Figure 13 shows the economic impact over a period of 25 years, demonstrating the convenience of the microgrid, and a comparison of the costs with and without the microgrid is presented in

Table 7. Total expenses with and without the microgrid.

Total Expenses Base Stations with Microgrid (Initial Investment + O&M) (MCOP)	Total Expenses Base Stations Without Microgrid (Diesel Generator Fuel + Annual Fuel Increment) (MCOP)
COP 179.750	COP 1551.312

.

From this, it can be deduced that the use of the microgrid is advantageous, as the total expenses are minimal with a reduction of 88.4% compared to the overall costs of continuing to use the diesel generator. Moreover, the microgrid’s multiple sources of generation help minimize or eliminate load shedding, since the load demand is currently being met solely by the diesel generator, which could potentially lead to failures in mobile telephone service supply, affecting both the end-users and the telecommunications service provider.

4. Conclusions

This research sets a precedent as a model to be applied in various non-interconnected zones (NIZs) in Colombia that lack an electric power supply. One of the benefits of the microgrid for telecommunications companies is the reduction in expenses related to the deployment of technical personnel to base stations and the payment of fines for service interruptions.
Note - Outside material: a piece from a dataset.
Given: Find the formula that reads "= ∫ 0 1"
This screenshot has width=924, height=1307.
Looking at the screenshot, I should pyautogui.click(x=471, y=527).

The proposed microgrid design comprises power generation systems, which significantly reduces failures related to this specific aspect. When one system is unable to meet the load, it is replaced by another system. The microgrid is technically and economically feasible, as it ensures uninterrupted load coverage and reduces the deployment of technical personnel to the base transceiver station (BTS).

The research reviewed during the preparation of this article states that more than 50% of the national territory is still classified as a non-interconnected area. In these areas, telecommunications companies often choose to supply base stations exclusively through power plants to provide their service. Consequently, there are constant electrical failures, causing interruptions in service to the community and economic losses to the telecommunications company.
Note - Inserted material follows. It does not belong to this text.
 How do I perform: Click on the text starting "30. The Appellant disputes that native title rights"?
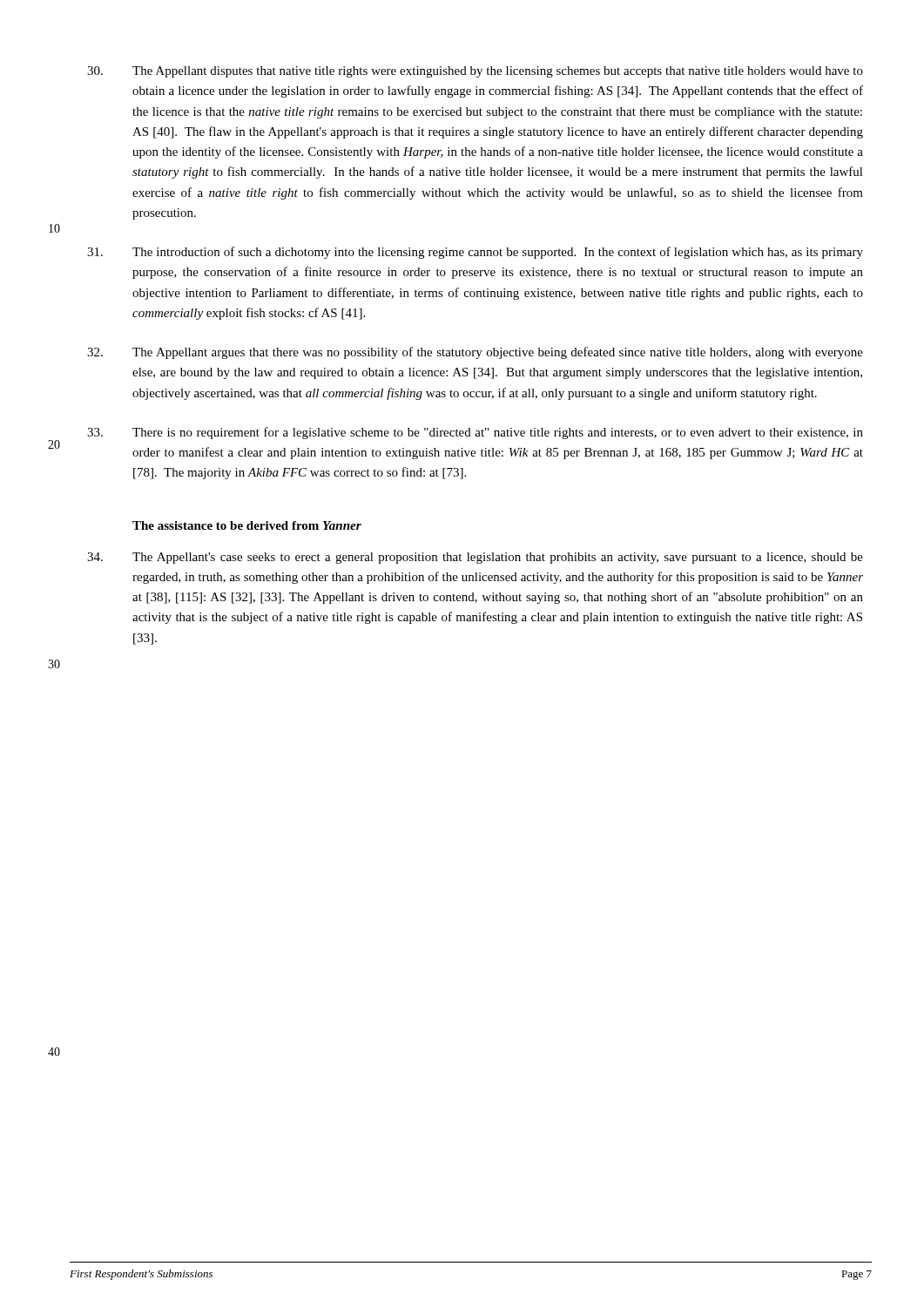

Some of the NIZs in the department of Chocó were chosen because a study of areas not connected to the national network showed that this department is among the top three NIZs, impacting the quality of life of its inhabitants and the economic development of the region.

At the end of the investigation, it was concluded that the microgrid that is the subject of this project is technically, economically, and environmentally viable, as it provides an uninterrupted power supply and the initial investment will be recouped in a short period of time, which contributes to reducing emissions of gases that are harmful to the environment.

The research presented in this article enabled the design of a BTS microgrid with a maximum capacity of 90–92 kWh/month for telecommunications base stations in the coastal zone of the Chocó department, Colombia. With the assistance of Homer Pro software, the distributed resources and necessary components for constructing the microgrid in these non-interconnected zones (NIZs) were identified.

As a result of the research carried out, the telecommunications company responsible for the service in the NIZ set a precedent as a model to be applied in various regions that lack an electricity supply for this type of station. It is hoped that it can be implemented throughout the country in the future.

It is hoped that this research will encourage the Colombian national government, both at the planning and regulatory levels, to adopt this type of system in order to make the necessary adjustments to future policies, roadmaps, and resolutions.